Eight Queens: A Simple Backtracking Algorithm In Golang

The Eight Queens Puzzle, a popular computer science question reads:

How do you place eight queens on a chess board so that they do not attack each other?

The queen is the most powerful piece in a chess game. She can move in any direction and as far as she likes. This means a queen placed on the board attacks quite some fields. None of these fields can be used to place another queen because they would attack one another.

One solution to this problem includes backtracking, which is defined by Wikipedia as follows:

Backtracking is a general algorithm for finding all (or some) solutions to some computational problems, notably constraint satisfaction problems, that incrementally builds candidates to the solutions, and abandons a candidate (“backtracks”) as soon as it determines that the candidate cannot possibly be completed to a valid solution.

The QueensBoard Package

Let’s implement a simple backtracking algorithm for the puzzle!

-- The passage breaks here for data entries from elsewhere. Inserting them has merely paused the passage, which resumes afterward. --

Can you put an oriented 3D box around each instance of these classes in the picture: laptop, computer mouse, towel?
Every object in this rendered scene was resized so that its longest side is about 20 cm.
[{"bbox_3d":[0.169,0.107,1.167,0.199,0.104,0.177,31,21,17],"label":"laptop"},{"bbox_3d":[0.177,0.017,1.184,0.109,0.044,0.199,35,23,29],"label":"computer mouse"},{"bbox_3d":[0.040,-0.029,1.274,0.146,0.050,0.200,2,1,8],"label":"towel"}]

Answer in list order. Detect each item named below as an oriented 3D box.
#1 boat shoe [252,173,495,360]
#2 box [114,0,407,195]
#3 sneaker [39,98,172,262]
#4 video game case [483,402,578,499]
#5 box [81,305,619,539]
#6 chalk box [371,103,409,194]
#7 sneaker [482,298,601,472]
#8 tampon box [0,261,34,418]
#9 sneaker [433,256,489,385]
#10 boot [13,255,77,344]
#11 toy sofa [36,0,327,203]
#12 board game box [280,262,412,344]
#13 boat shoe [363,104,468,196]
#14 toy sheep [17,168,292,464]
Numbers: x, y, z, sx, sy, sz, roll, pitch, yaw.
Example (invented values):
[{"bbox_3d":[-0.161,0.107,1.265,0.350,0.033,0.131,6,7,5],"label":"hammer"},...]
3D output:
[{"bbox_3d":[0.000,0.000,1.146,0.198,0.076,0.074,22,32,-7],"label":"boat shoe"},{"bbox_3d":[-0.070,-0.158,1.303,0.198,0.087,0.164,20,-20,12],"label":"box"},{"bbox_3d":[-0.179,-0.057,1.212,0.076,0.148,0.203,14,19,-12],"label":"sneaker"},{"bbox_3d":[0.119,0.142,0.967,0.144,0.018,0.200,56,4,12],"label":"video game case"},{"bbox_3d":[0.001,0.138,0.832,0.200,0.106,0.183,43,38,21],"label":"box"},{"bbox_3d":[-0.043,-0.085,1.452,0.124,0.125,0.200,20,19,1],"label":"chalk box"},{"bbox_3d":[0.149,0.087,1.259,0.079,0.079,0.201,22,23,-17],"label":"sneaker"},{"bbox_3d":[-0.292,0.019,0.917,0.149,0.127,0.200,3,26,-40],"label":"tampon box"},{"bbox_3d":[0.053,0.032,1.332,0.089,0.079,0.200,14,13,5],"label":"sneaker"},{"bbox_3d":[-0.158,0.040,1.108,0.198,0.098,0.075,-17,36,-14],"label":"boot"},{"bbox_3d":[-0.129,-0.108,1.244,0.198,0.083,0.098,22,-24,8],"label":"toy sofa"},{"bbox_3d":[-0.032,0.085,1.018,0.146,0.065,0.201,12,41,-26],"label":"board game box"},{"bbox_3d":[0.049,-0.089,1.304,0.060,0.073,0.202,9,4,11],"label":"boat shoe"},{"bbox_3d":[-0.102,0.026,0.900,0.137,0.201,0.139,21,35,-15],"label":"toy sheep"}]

It uses a package called QueensBoard which includes the following functions:

  • New() creates an 8x8 board.
  • board.Queens() returns the number of queens that are currently placed on the board. We will use this function to check if we have found a place for all the queens.
  • board.AvailableFields() returns a list of coordinates which are not under attack and therefore available to place a queen there.
  • board.PlaceQueen() takes coordinates as parameter and places a queen there if possible. It updates the board to mark all fields unavailable that are under attack.
  • board.RemoveQueen() takes coordinates as parameter and removes the queen from the field addressed by the coordinates.
  • board.Print() takes a Writer interface as parameter and writes a Unicode-powered human-readable representation of the state of the board to it. We will use it with os.Stdout to print the final result.

Recursive Approach

Backtracking and recursion often go very well together. We can use recursion to dive deeper and deeper into a prospective solution until

  • we either hit the base case and return the solution, or
  • we realize that we are on a path that will not lead to a solution.

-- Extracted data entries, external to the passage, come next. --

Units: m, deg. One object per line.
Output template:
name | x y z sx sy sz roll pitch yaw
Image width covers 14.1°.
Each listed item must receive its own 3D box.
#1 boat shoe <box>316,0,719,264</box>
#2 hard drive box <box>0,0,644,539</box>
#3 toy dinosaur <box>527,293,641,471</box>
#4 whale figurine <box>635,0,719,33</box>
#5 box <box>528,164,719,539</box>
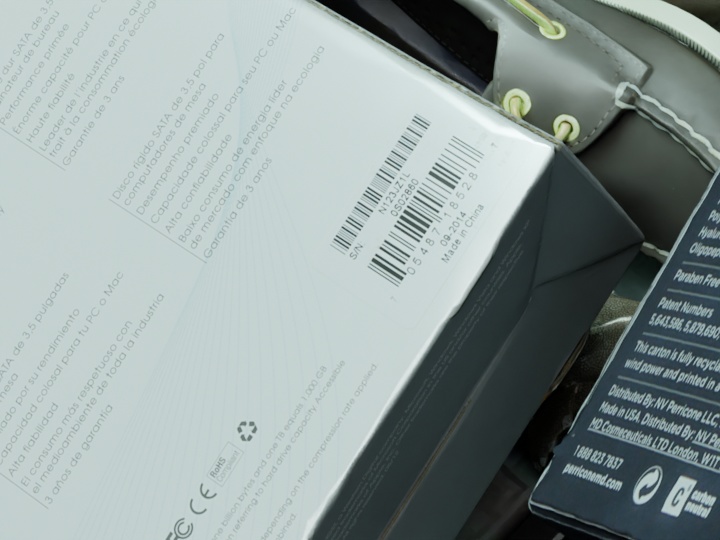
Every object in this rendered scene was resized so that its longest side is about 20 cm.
boat shoe | 0.044 -0.050 0.795 0.201 0.072 0.060 38 55 22
hard drive box | -0.056 -0.001 0.733 0.200 0.077 0.156 33 88 27
toy dinosaur | 0.000 0.000 0.811 0.199 0.102 0.077 26 84 30
whale figurine | 0.115 -0.121 0.800 0.103 0.160 0.200 -22 36 -37
box | 0.181 0.026 0.669 0.199 0.124 0.197 33 82 -20
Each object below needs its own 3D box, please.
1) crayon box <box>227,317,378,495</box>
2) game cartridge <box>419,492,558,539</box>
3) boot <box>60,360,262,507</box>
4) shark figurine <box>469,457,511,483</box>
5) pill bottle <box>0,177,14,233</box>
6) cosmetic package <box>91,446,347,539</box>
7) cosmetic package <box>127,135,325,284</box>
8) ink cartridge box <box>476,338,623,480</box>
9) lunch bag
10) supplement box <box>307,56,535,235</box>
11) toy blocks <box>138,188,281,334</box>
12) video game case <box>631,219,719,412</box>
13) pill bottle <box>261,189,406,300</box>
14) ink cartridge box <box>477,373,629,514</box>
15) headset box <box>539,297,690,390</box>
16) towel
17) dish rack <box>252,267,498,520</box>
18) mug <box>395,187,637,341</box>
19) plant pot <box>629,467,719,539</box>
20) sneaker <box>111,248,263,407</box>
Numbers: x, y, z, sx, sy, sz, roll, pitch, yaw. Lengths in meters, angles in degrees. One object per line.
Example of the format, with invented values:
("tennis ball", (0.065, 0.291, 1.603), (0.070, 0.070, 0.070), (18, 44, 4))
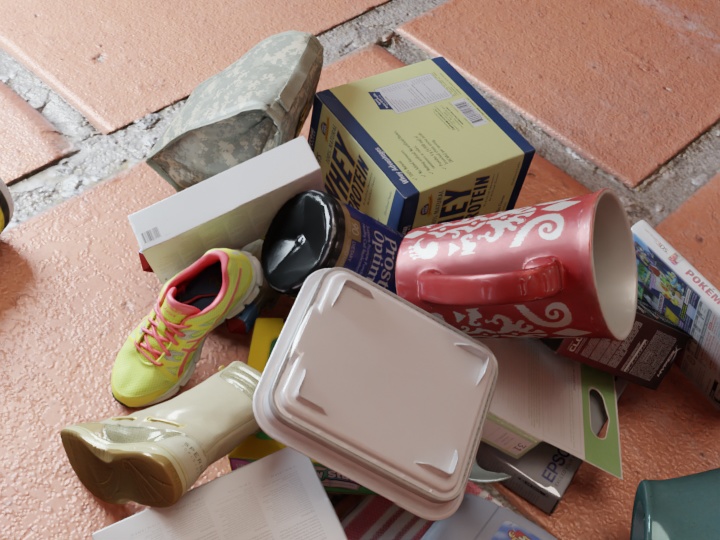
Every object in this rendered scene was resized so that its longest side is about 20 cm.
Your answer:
("crayon box", (-0.020, 0.135, 1.011), (0.197, 0.059, 0.174), (3, 48, 5))
("game cartridge", (0.140, 0.293, 0.900), (0.199, 0.042, 0.133), (33, 57, 19))
("boot", (-0.175, 0.144, 0.932), (0.199, 0.073, 0.155), (-6, 21, 47))
("shark figurine", (0.018, 0.144, 0.887), (0.214, 0.089, 0.128), (43, 90, -9))
("pill bottle", (-0.458, -0.025, 1.042), (0.113, 0.115, 0.201), (18, 47, 5))
("cosmetic package", (-0.109, 0.259, 0.864), (0.198, 0.052, 0.152), (-21, 65, -16))
("cosmetic package", (-0.135, -0.063, 1.051), (0.198, 0.083, 0.051), (-25, 64, -8))
("ink cartridge box", (0.174, 0.125, 1.029), (0.199, 0.048, 0.146), (30, 40, -18))
("lunch bag", (-0.130, -0.180, 1.189), (0.118, 0.199, 0.165), (46, 42, -23))
("supplement box", (0.065, -0.133, 1.238), (0.198, 0.135, 0.200), (-21, 56, -28))
("toy blocks", (-0.161, -0.002, 1.110), (0.198, 0.100, 0.137), (23, 58, 15))
("video game case", (0.354, 0.057, 1.088), (0.023, 0.200, 0.183), (-36, 62, -8))
("pill bottle", (0.000, 0.000, 1.069), (0.199, 0.112, 0.113), (25, 33, -42))
("ink cartridge box", (0.166, 0.131, 1.086), (0.199, 0.041, 0.200), (30, 50, 16))
("headset box", (0.229, 0.039, 1.071), (0.199, 0.075, 0.149), (21, 15, -38))
("towel", (0.085, 0.270, 0.954), (0.199, 0.030, 0.146), (38, 54, 22))
("dish rack", (0.024, 0.095, 0.848), (0.199, 0.044, 0.173), (28, 59, -8))
("mug", (0.132, -0.005, 0.923), (0.198, 0.177, 0.135), (-6, 67, 32))
("plant pot", (0.342, 0.267, 0.909), (0.186, 0.201, 0.201), (4, 46, 9))
("sneaker", (-0.186, 0.050, 1.007), (0.078, 0.090, 0.201), (38, 87, 15))

If we barking up the wrong tree, we backtrack to the last state and try a different way. In our example, backtracking means, that we remove the last queen that we placed on the board if we realize that we can not place all eight queens. This usually happens when there are not enough unattacked fields left to place queens on.

Boringly, we will name then function queens(). It will take a *qb.Board as parameter and also return a pointer to a qb.Board struct. The base case will be the perfect board: One with eight queens that do not attack each other:

func queens(board *qb.Board) *qb.Board {
	if board.Queens() == 8 {
		return board
	}

	// here be magic

	return nil
}

Now we need to fill in the actual algorithm. First, we fetch the coordinates of all the fields that are currently not under attack. We are free to place a queen on any of them, so why not start with the first one? After placing the queen, we recursively dive into this prospective solution and place the next queen and the next queen and so on… If we did not reach our goal of placing eight queens, we remove the queen and try again with the next coordinate.

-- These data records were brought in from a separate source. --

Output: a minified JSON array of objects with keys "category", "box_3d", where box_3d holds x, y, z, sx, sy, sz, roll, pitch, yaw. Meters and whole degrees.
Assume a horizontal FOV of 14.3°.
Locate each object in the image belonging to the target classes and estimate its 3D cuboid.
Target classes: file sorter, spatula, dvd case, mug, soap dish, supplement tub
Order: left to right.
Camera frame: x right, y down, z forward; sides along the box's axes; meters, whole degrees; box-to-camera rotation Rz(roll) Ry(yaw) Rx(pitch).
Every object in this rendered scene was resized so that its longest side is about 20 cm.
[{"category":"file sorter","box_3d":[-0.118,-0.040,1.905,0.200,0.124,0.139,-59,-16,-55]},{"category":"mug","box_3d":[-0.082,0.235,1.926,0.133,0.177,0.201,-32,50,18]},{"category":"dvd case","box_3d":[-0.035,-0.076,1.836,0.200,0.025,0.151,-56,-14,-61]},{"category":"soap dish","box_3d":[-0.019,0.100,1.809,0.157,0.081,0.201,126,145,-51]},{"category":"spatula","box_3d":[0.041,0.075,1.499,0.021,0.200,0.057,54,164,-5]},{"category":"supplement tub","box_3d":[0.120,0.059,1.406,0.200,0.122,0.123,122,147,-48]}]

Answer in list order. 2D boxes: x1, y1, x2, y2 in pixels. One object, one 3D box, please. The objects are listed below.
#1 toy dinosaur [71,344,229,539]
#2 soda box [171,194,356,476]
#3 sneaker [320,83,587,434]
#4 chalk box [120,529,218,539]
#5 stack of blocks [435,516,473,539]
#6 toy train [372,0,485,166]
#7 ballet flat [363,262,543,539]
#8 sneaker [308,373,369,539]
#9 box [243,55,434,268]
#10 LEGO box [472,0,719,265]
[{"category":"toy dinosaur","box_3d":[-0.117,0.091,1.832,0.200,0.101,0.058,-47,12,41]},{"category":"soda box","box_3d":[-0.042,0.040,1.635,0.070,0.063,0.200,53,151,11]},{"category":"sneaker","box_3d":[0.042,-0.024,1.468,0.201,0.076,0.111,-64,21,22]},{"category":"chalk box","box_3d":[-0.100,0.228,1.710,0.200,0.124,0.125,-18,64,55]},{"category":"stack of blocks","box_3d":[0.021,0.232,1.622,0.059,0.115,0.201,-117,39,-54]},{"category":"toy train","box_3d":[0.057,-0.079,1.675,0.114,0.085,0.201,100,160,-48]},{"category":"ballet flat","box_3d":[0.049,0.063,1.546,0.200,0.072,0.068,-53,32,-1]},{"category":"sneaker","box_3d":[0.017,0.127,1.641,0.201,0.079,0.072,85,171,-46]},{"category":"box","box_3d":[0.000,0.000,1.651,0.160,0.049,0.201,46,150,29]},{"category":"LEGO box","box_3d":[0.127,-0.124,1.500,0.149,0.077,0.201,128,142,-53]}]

func queens(board *qb.Board) *qb.Board {
	if board.Queens() == 8 {
		return board
	}
	for _, coordinate := range board.AvailableFields() {
		board.PlaceQueen(coordinate)
		next := queens(board)
		if next != nil {
			return next
		}
		board.RemoveQueen(coordinate)
	}
	return nil
}

Find the full source at the end of the article. This algorithm is not the fastest one, however, on most machines, it should finish in less than a second. The final board should look like this:

Here is an animation of the first couple of steps of the algorithm:

small

Improve!

The QueensBoard package also offers the ability to create custom sized boards via the NewCustom() function.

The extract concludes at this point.